Ärzte schätzen Erkrankungen der Finger- oder Fußnägel häufig falsch ein. In einer Studie in der Fachzeitschrift "Aktuelle Dermatologie“ (Georg Thieme Verlag, Stuttgart. 2018) erwies sich die Erstdiagnose in jedem zweiten Fall nach einer feingeweblichen Untersuchung einer Nagelprobe als nicht korrekt.
Die richtige Diagnose bei Nagelerkrankungen zu stellen, ist nicht einfach, weiß Privatdozentin Dr. Cornelia Müller von der Klinik für Dermatologie der Universitätskliniken des Saarlandes in Homburg. "Nagelerkrankungen besitzen im klinischen Alltag und in der medizinischen Ausbildung eine vergleichsweise geringe Wertigkeit, sodass viele Hausärzte aber auch Dermatologen entsprechende Erkrankungen nicht routiniert befunden und behandeln. Ärzte, die sich in ihrer Diagnose nicht sicher sind, lassen Nagelproben ihrer Patienten daher mitunter im Labor von einem Experten untersuchen. Nicht selten zeigt sich unter dem Mikroskop, dass eine völlig andere Erkrankung vorliegt, als der medizinische Kollege vermutet hatte. Andererseits können zu kleine oder falsch entnommene Proben auch zu einer Fehlerquote in der feingeweblichen Untersuchung führen.
Im Rahmen einer Studie hat die Dermatologin gemeinsam mit Kollegen die Erstdiagnose einer Nagelveränderung oder -erkrankung mit den Befunden der nachfolgenden Gewebeuntersuchung verglichen, die im Zeitraum zwischen Januar 2006 und März 2014 am Universitätsklinikum des Saarlandes (UKS) durchgeführt wurden.
Der Vergleich der 639 Verdachtsdiagnosen mit den Ergebnissen der feingeweblichen Untersuchung ergab: In 346 Fällen, das sind rund 54 Prozent, musste die Diagnose revidiert werden. Besonders häufig irrten die Ärzte beim Pilzbefall des Nagels, von Dermatologen Onychomykose genannt. Sie war von den behandelnden Ärzten bei 62 Prozent der Patienten vermutet worden. Nach der Untersuchung sank der Anteil auf etwa 22 Prozent. Die Experten hingegen diagnostizierten am häufigsten eine Onychodystrophie. Dabei handelt es sich um eine Wachstums- oder Ernährungsstörung des Nagels, die gelegentlich nach Pilzinfektionen auftritt, häufig jedoch andere Ursachen hat. Bei Fußballspielern kann sie nach wiederholten kleinen Verletzungen der Fußnägel auftreten.

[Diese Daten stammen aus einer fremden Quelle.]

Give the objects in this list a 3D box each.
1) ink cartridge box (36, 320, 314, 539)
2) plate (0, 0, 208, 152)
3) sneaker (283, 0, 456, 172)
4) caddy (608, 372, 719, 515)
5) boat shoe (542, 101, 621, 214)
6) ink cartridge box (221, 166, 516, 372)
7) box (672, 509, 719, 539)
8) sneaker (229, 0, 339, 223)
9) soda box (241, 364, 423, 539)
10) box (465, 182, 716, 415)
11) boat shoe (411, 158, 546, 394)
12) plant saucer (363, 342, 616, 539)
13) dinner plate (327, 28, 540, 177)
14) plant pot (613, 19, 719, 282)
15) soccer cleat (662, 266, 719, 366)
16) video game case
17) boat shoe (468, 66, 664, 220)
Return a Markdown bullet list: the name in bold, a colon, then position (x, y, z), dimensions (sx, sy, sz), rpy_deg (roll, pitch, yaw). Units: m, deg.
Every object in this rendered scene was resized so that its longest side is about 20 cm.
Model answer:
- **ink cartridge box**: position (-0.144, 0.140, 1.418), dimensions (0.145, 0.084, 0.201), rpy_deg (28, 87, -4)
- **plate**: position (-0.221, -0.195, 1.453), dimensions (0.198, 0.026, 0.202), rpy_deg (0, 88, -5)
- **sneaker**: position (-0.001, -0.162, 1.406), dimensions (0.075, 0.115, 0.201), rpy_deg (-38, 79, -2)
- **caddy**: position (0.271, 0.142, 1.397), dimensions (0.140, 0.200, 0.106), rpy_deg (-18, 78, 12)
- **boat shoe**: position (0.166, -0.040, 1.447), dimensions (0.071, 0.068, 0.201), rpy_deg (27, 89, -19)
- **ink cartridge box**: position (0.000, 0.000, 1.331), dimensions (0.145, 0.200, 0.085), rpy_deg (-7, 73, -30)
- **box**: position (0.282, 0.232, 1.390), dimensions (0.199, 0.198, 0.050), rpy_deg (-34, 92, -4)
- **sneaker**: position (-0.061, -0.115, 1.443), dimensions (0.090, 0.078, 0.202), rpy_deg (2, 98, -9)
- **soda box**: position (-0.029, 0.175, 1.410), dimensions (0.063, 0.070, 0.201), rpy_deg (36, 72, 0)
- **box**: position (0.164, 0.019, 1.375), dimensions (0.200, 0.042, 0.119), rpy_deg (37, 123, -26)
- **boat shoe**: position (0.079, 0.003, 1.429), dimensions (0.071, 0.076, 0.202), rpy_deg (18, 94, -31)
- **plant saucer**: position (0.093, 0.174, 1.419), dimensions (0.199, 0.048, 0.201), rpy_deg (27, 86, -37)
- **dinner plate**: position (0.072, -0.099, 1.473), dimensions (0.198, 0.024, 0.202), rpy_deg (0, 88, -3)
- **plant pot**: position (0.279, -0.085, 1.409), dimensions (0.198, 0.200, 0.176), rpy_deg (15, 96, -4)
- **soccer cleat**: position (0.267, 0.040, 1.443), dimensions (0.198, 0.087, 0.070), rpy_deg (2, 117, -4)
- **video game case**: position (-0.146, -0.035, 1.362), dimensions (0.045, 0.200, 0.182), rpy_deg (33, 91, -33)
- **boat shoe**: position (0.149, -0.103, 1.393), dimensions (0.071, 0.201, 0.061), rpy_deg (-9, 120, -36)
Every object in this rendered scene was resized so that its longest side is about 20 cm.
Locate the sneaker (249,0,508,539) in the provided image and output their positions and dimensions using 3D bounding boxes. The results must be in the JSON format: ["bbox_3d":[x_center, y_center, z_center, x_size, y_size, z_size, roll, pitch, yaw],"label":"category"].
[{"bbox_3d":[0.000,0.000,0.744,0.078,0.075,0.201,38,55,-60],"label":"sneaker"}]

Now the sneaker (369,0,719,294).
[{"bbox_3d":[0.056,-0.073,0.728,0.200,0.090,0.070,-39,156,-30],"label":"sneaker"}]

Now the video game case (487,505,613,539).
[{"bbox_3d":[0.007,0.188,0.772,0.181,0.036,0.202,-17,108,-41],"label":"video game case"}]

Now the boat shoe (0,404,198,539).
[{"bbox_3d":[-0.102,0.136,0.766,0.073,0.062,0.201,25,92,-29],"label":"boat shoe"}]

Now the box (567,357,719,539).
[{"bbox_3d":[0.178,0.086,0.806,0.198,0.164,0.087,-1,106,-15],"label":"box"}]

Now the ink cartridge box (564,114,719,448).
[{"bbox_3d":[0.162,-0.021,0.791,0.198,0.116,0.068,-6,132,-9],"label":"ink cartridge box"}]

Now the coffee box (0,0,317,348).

In anderen Fällen lagen die Ärzte mit ihrer Vermutung richtig. Die Diagnose von Wachstumsstörungen oder auch ein eingewachsener Nagel, Unguis incarnatus, bereitet auch unerfahrenen Ärzten keine Probleme.
Besondere Vorsicht ist bei ungewöhnlichen Verfärbungen der Nägel geboten. Vor allem wenn die Pigmentierungen unregelmäßig sind und keine Verletzungen vorausgegangen sind. Die Ärzte wissen um die Gefahr und daher muss im Zweifel biopsiert werden: Der Verdacht auf ein Nagelmelanom war daher in 72 Fällen der Grund für eine Abklärung am UKS. In immerhin 13 von 72 Fällen lag tatsächlich ein bösartiger Hauttumor vor.
Ein wertvolles Nebenkriterium zur Erkennung des malignen Nagelmelanoms ist laut PD Dr. Müller auch das Alter der Patienten. Nagelmelanome treten meistens bei Patienten über 60 Jahren auf. Bei jüngeren Patienten sind die Pigmenttumore eher gutartig (Naevi), bei Kindern unter 14 Jahren kommt das akrale Melanom so gut wie nicht vor. Daher kann bei Kindern auch klinisch kontrolliert werden. Eine Garantie gibt es allerdings nicht. In der Studie war der jüngste Patient mit einem Melanom 30 Jahre alt. PD Dr. Müller rät daher auch schon bei Jugendlichen und jungen Erwachsenen im Zweifel zur feingeweblichen Untersuchung.